Exercise goal: Restate all of the entries exactly, dropping any pictures they hold.

Extracted material:
□ □ □

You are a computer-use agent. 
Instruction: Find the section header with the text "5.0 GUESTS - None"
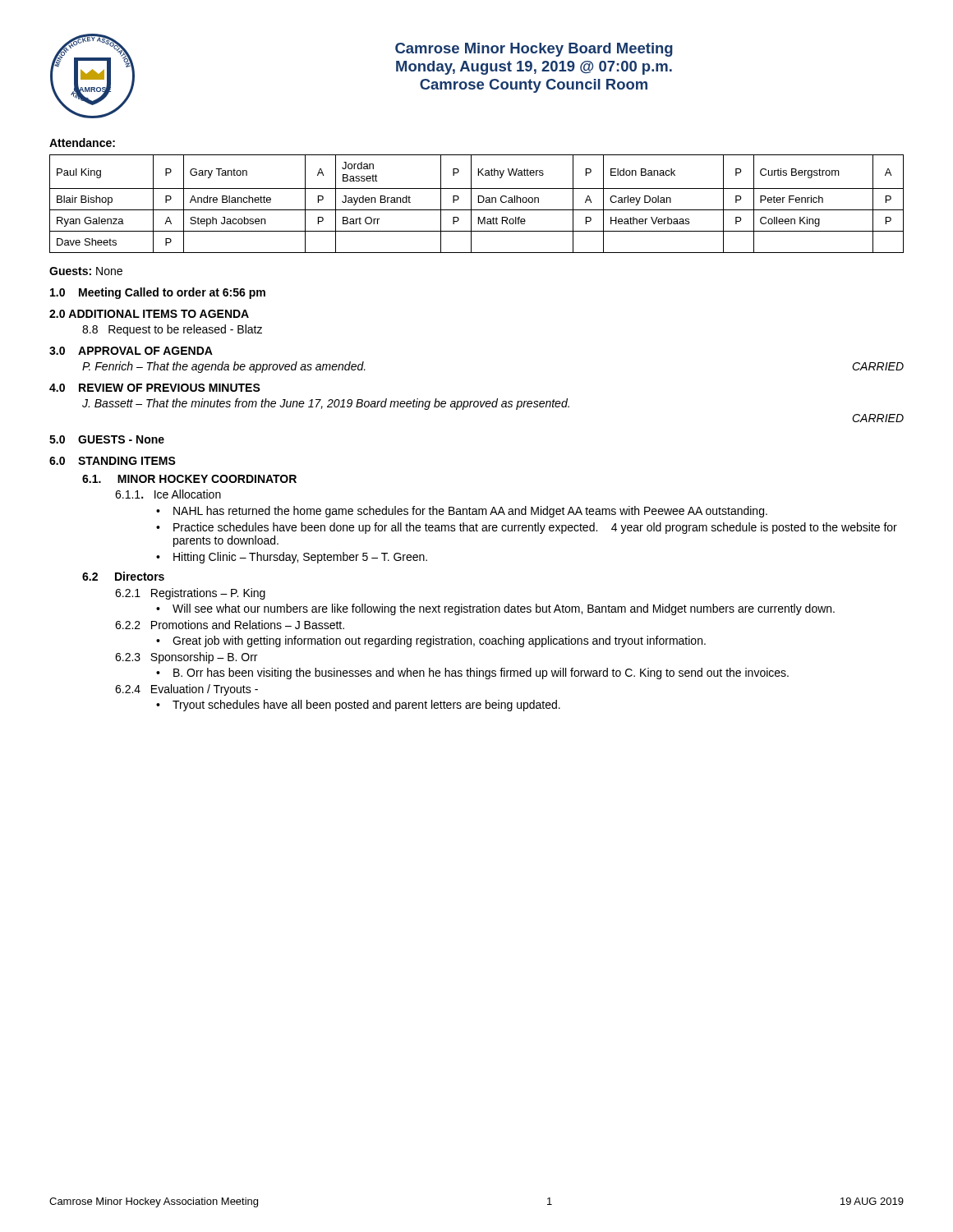[x=107, y=439]
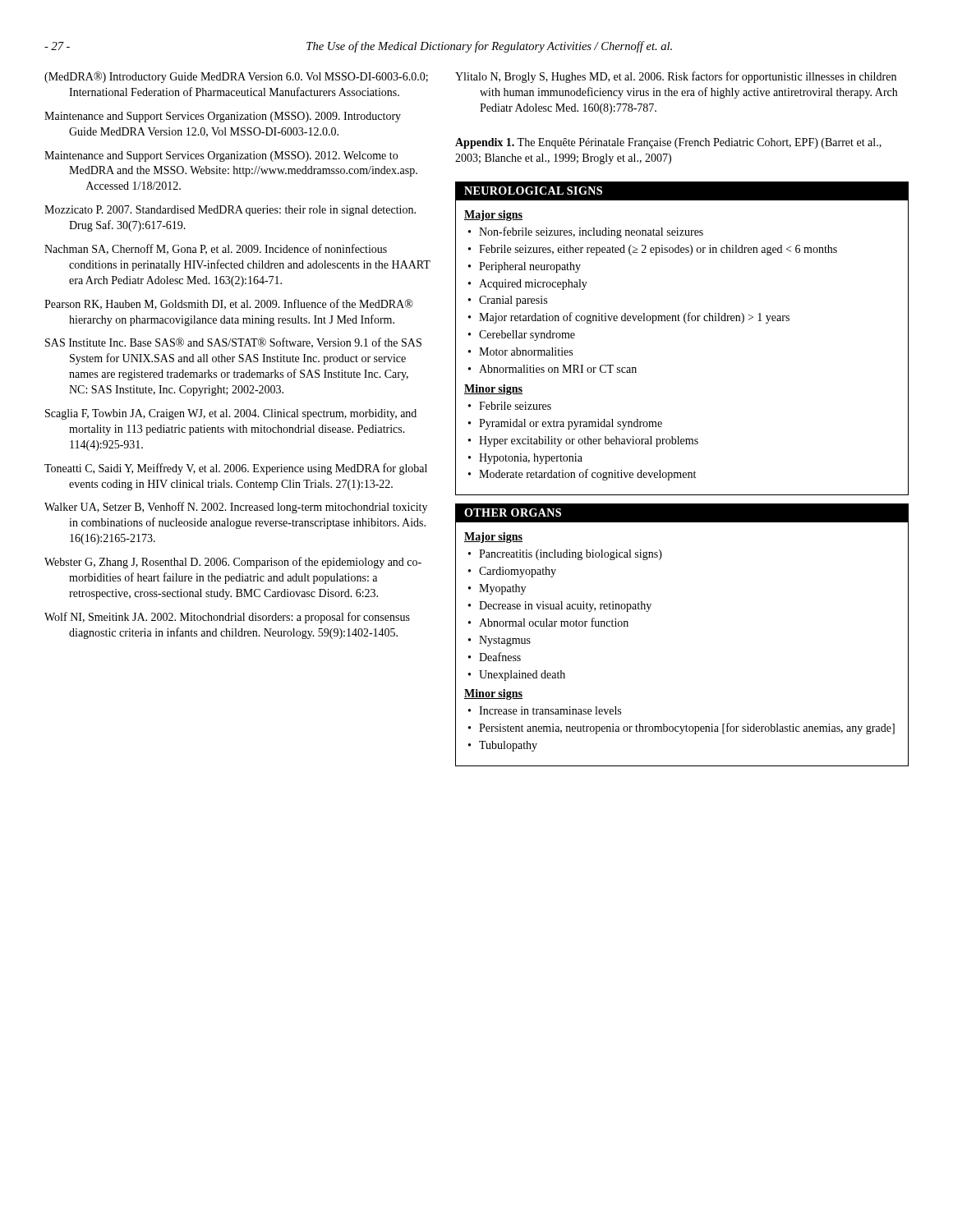Click where it says "Pancreatitis (including biological signs)"
Viewport: 953px width, 1232px height.
pyautogui.click(x=571, y=554)
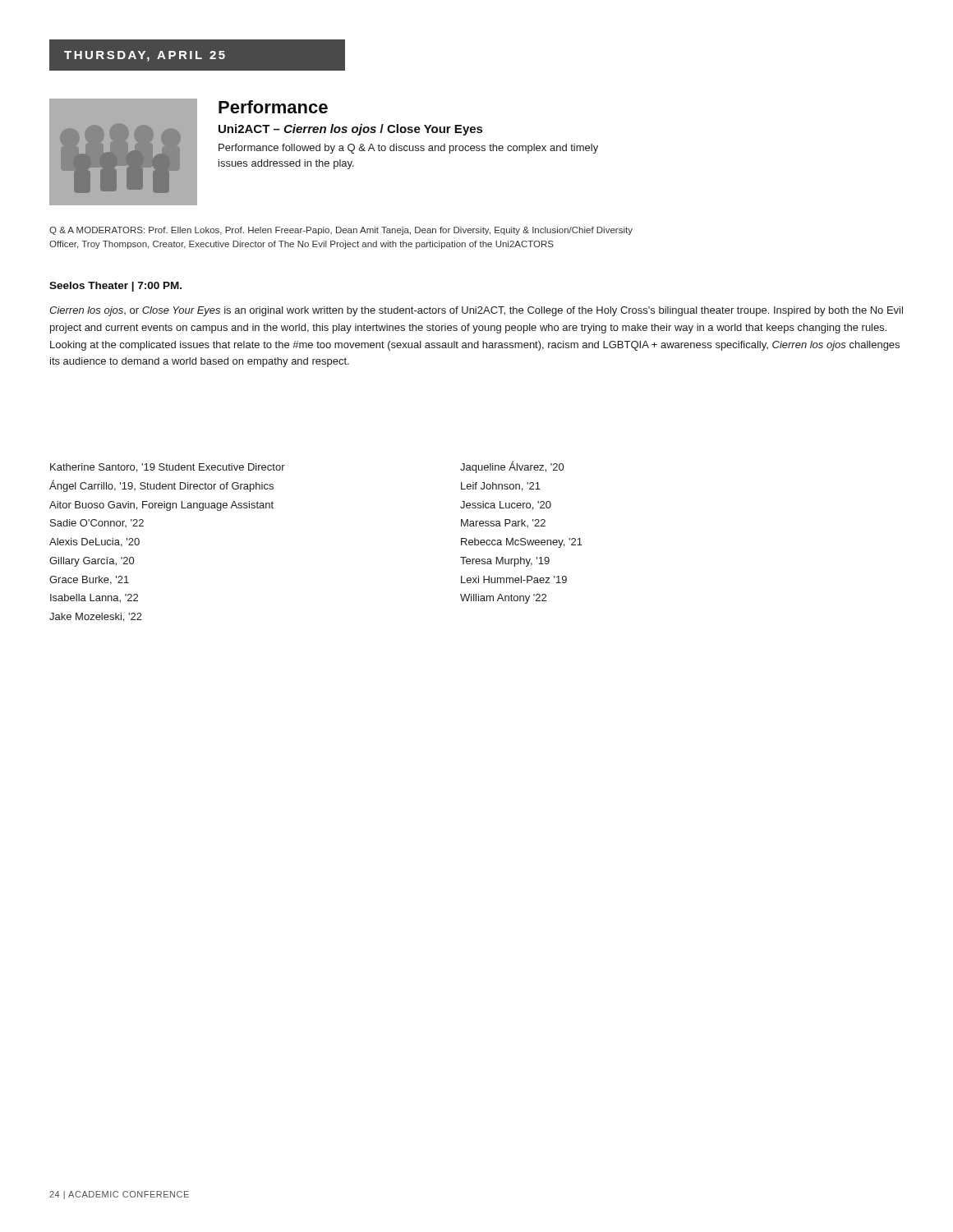Select the list item that reads "Aitor Buoso Gavin, Foreign Language Assistant"
Image resolution: width=953 pixels, height=1232 pixels.
point(161,504)
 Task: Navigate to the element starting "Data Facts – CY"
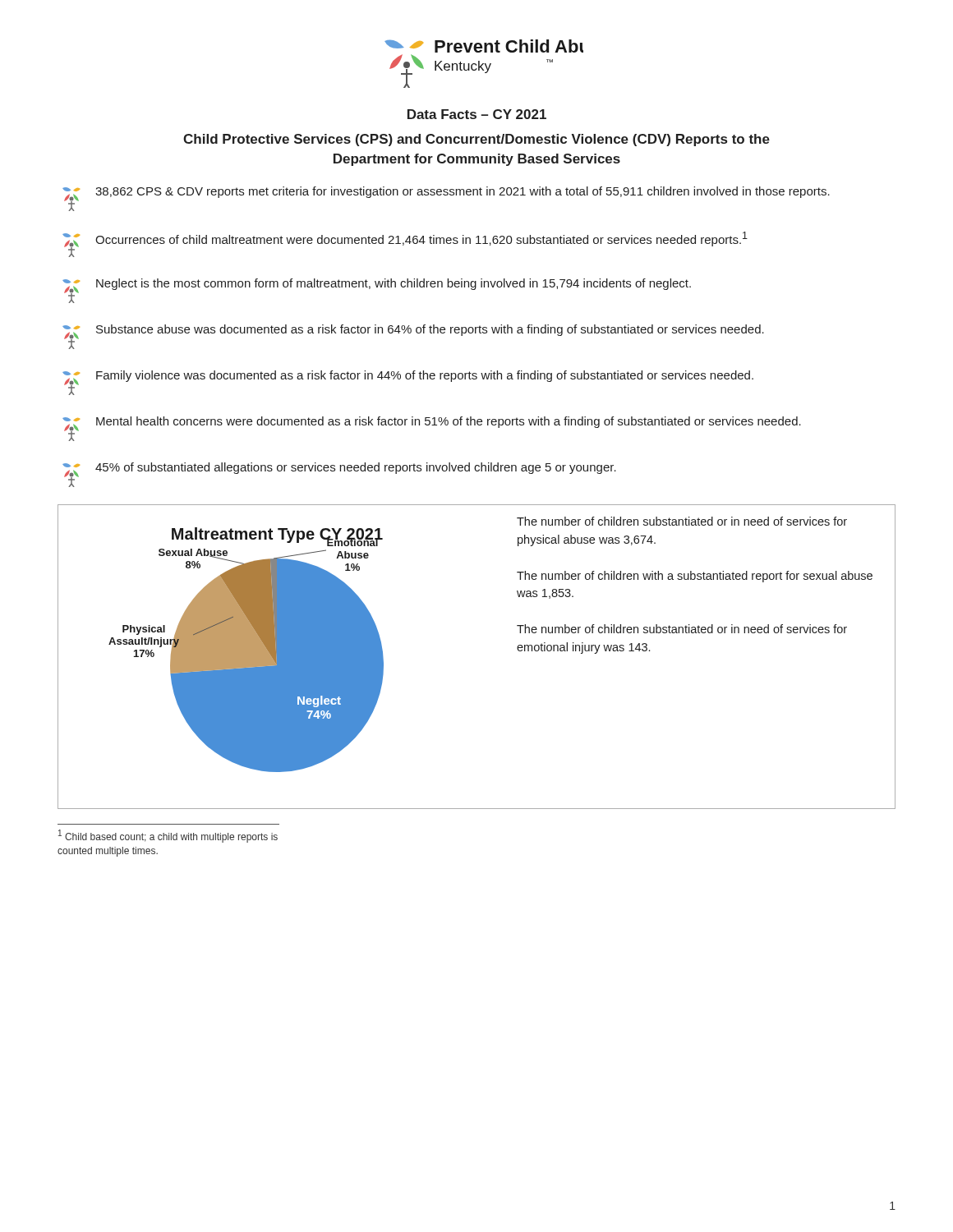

□ □ □

Solution to this task:
You are a computer-use agent. 
Instruction: Find the section header with the text "5.0 GUESTS - None"
[x=107, y=439]
Click where it says "Pancreatitis (including biological signs)"
Viewport: 953px width, 1232px height.
pyautogui.click(x=571, y=554)
Select the list item that reads "Aitor Buoso Gavin, Foreign Language Assistant"
Image resolution: width=953 pixels, height=1232 pixels.
point(161,504)
 Task: Navigate to the element starting "Data Facts – CY"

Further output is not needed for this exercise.